The show was launched in November 1997 on WWOZ in New Orleans. It was created by Nick Spitzer and Mary Beth Kirchner, who had worked together previously producing segments for All Things Considered. By 1998, American Routes was syndicated by American Public Radio for 39 stations.

In the wake of Hurricane Katrina, production of the show temporarily relocated to KRVS 88.7 FM at the University of Louisiana at Lafayette in Lafayette, Louisiana. While in Lafayette, Spitzer and his crew produced a series of shows called After the Storm, which "followed the rebuilding of the Gulf Coast through the stories and songs of its musicians".

Production operations have since returned to New Orleans with studios at Tulane University. In July 2008, American Routes announced an affiliation with Tulane.

American Routes celebrated its 10th anniversary on January 16, 2009, with a concert at the House of Blues in New Orleans. Performers included Dr. Michael White, Trombone Shorty and Al Johnson. Performances and interviews from the show were included in a program that aired the week of February 18, 2009.

American Routes has more than 300 original shows in its catalog, and a database of over 1000 hours of interviews.

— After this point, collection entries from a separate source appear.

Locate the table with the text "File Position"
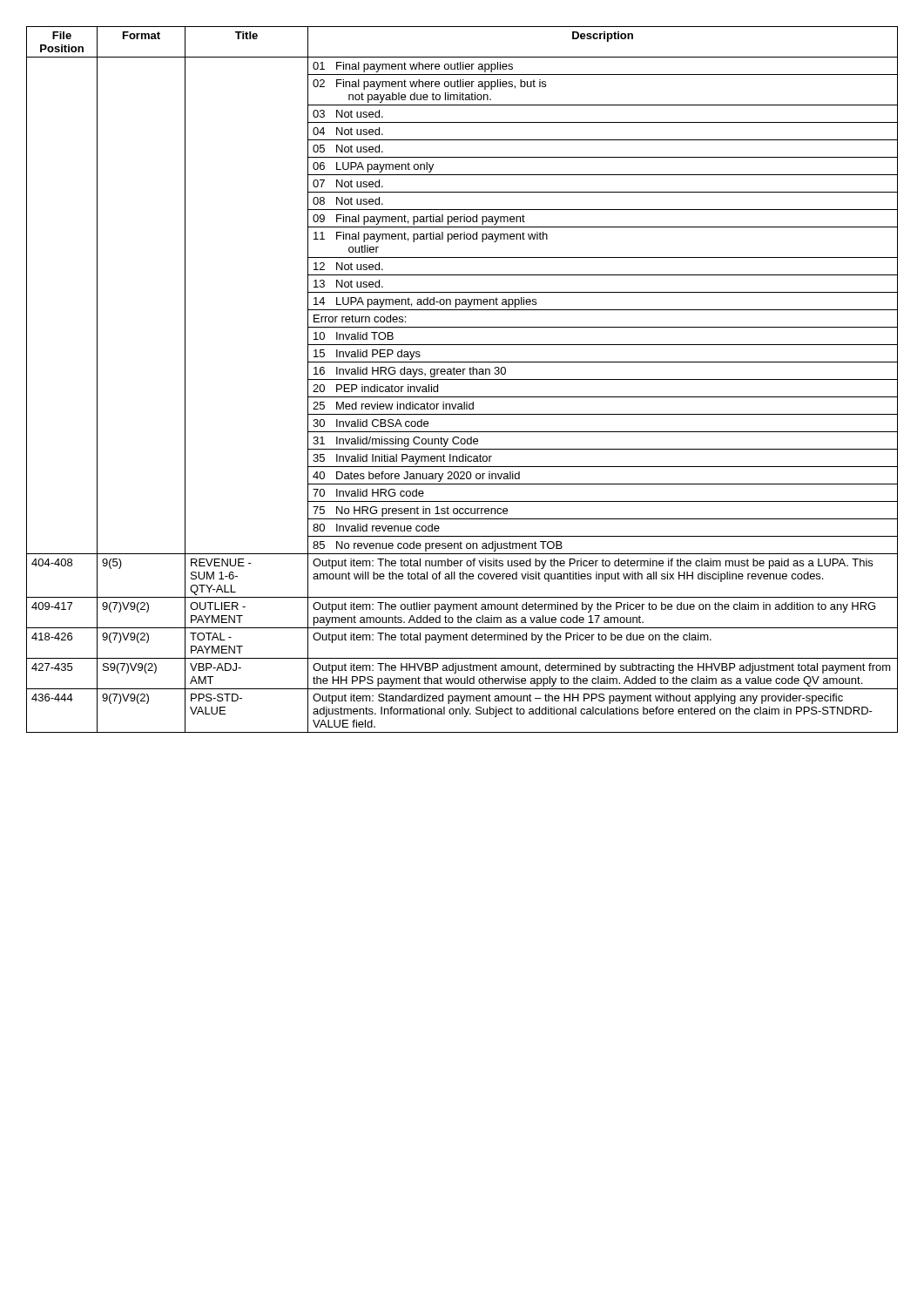The image size is (924, 1307). tap(462, 379)
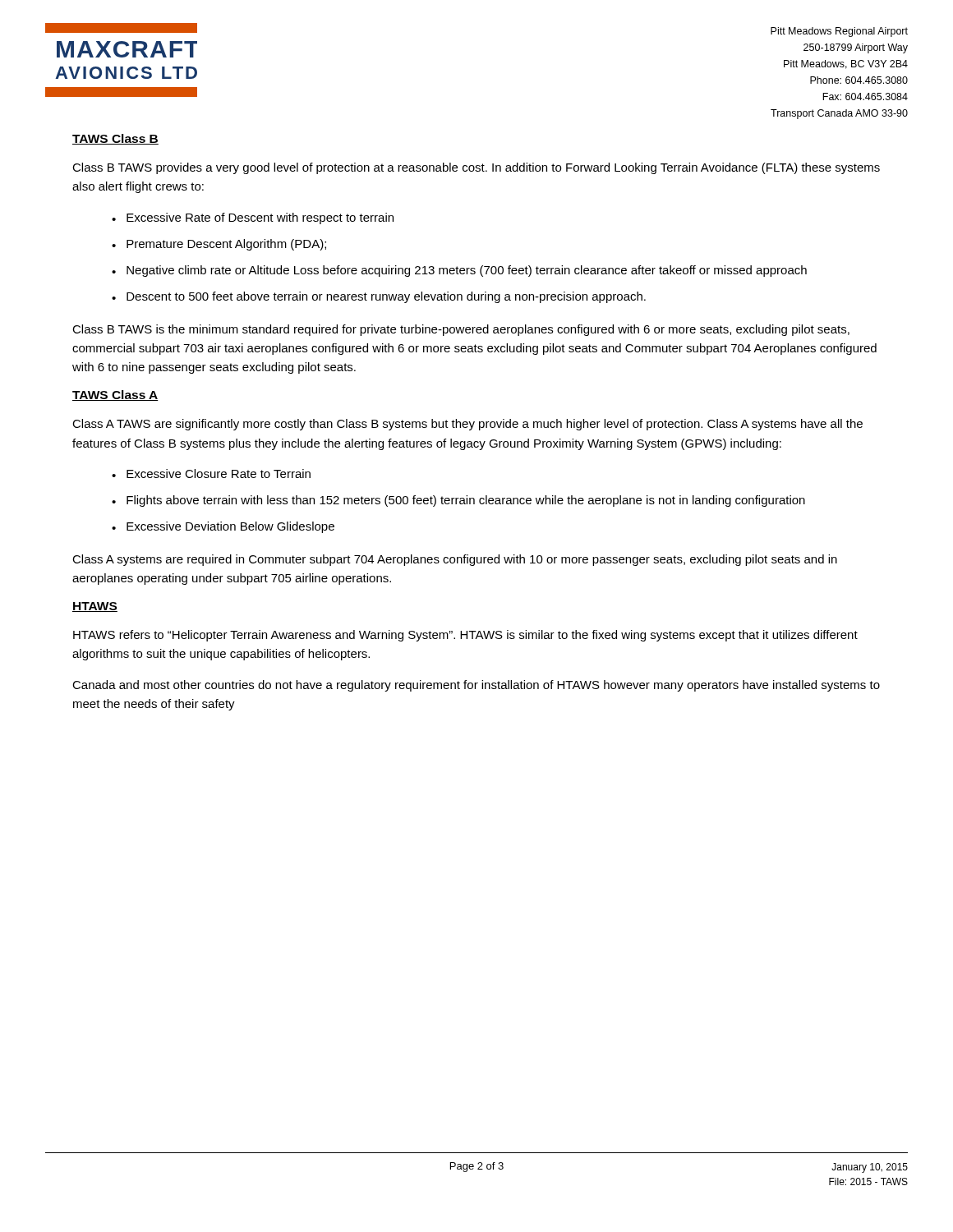The height and width of the screenshot is (1232, 953).
Task: Click the passage that begins "• Excessive Rate of Descent with respect to"
Action: point(253,218)
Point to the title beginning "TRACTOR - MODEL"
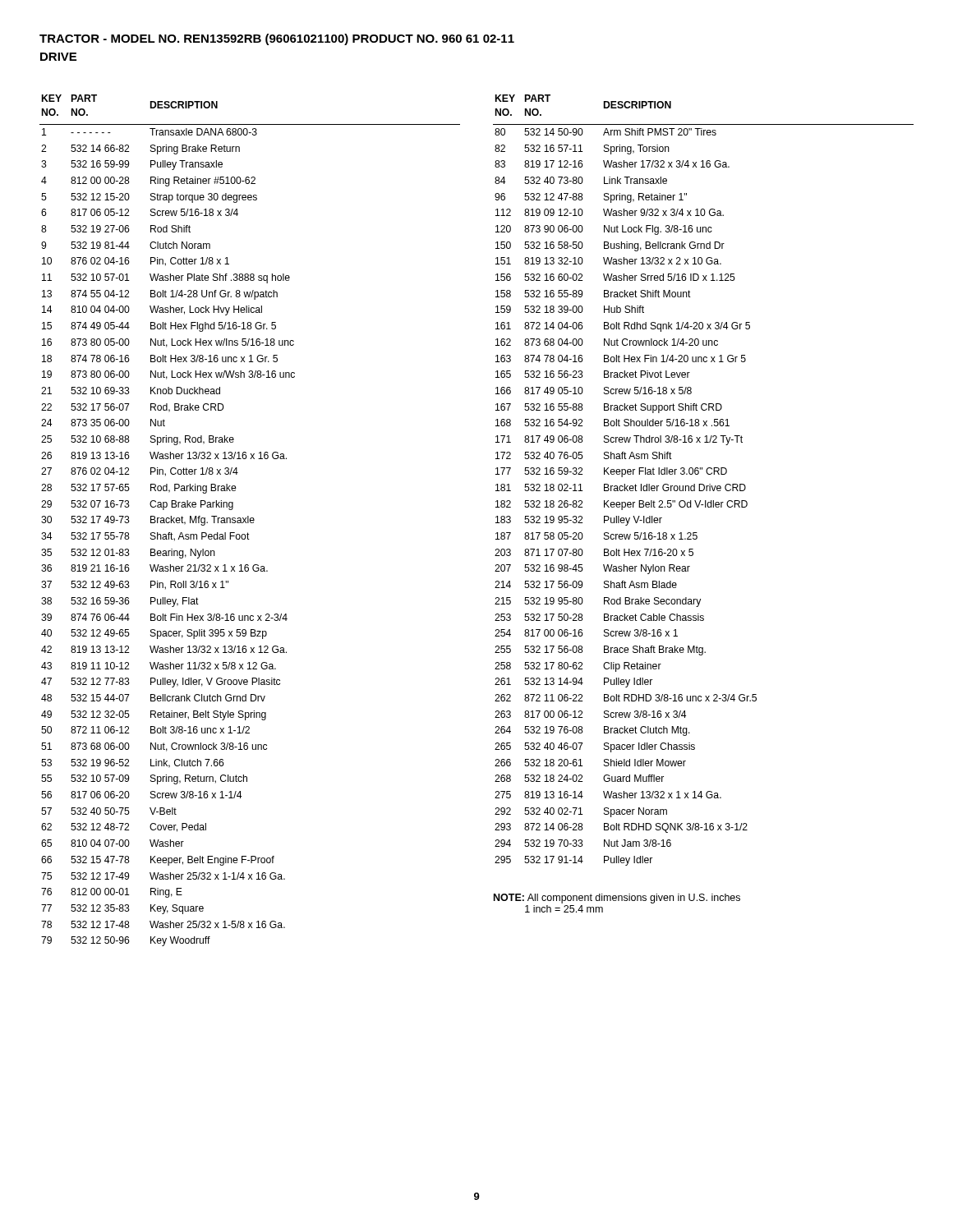The image size is (953, 1232). (x=277, y=47)
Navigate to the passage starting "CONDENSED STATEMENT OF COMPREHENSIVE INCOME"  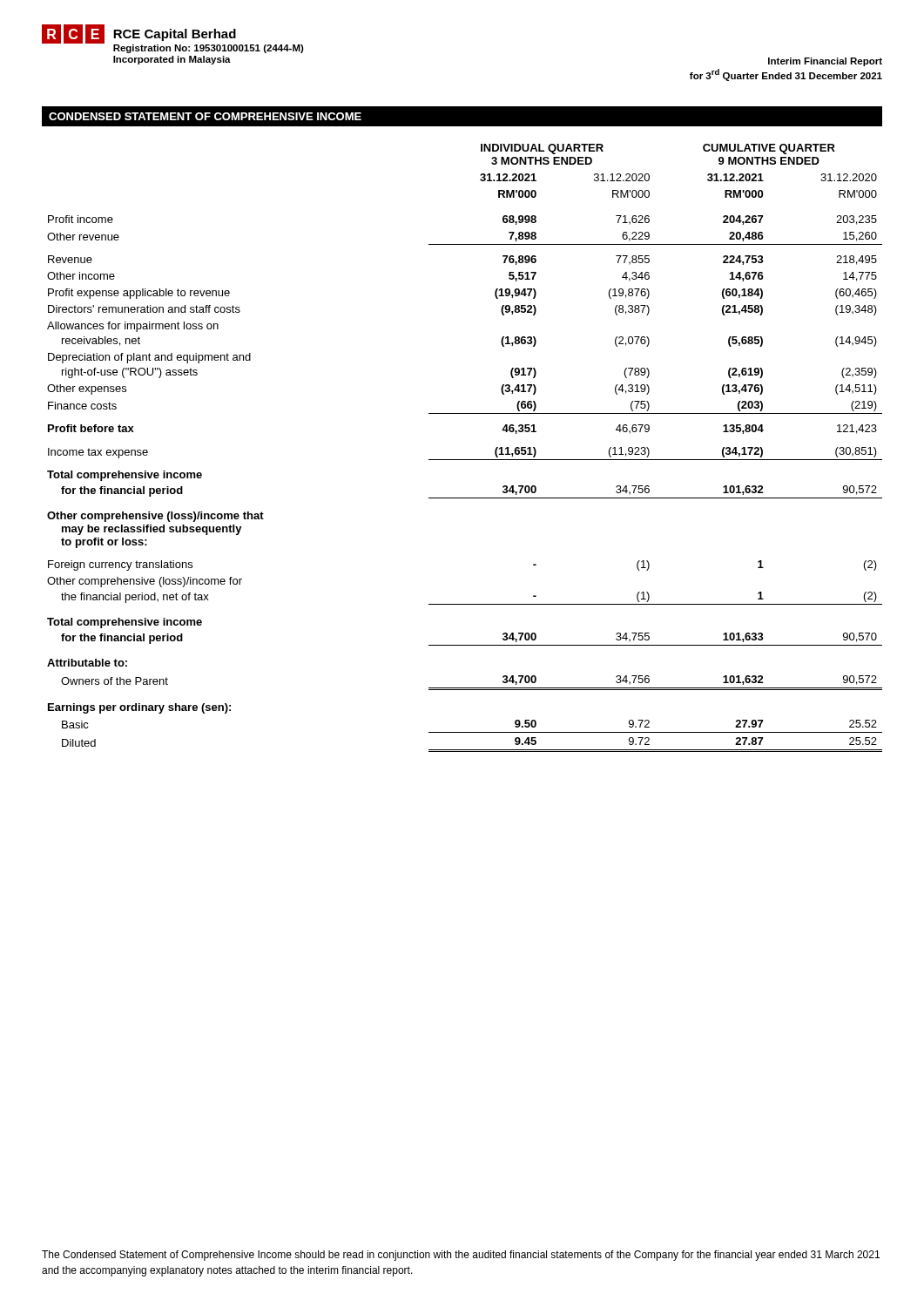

As of July 2011, the program switched distributors from APM to the Public Radio Exchange, although it continued to be distributed on the public radio satellite system. It was the second major public radio series to switch to the web-based distributor from one of the "Big 3" public radio distributors, after Sound Opinions switched from APM the prior year.

==Format==
Every American Routes show is two hours long. The show consists of songs arranged around interviews, usually of musicians or field audio from various cultural events or institutions. The music is chosen to complement the theme of the show. You can find archived radio shows featuring playlists of specific artists and styles to choose from, streaming 24/7 at American Routes

==Interviews==

Notable interviews featured on American Routes include:

- Joan Baez
- Chuck Berry
- Ray Charles
- Dr John

- Al Green
- Buddy Guy
- Herbie Hancock
- Jim Jarmusch

- Norah Jones
- Spike Lee
- Jerry Lee Lewis
- Taj Mahal

- Hugh Masekela
- Willie Nelson
- Dolly Parton
- Bonnie Raitt

- Anne Rice
- Sonny Rollins
- Pete Seeger
- Allen Toussaint

- Porter Wagoner
- Tom Waits
- Wilco
- Brian Wilson

==Staff==
As of April 2018:
- Nick Spitzer – Host and Producer
- Mary Beth Kirchner – Founding Executive Producer
- Betsy Shepherd – Managing Producer & Editor
- Garrett Pittman – Associate Producer
- Olivia Broslawsky – Assistant Producer
- Jason Rhein – Technical Supervisor
- Lauren Callihan — Development Associate

==CD releases==
- American Routes with Nick Spitzer: Songs and Stories from the Road [2 CD] (2008, Highbridge Company)
- Our New Orleans: A Benefit Album [CD] (2005, Nonesuch Records)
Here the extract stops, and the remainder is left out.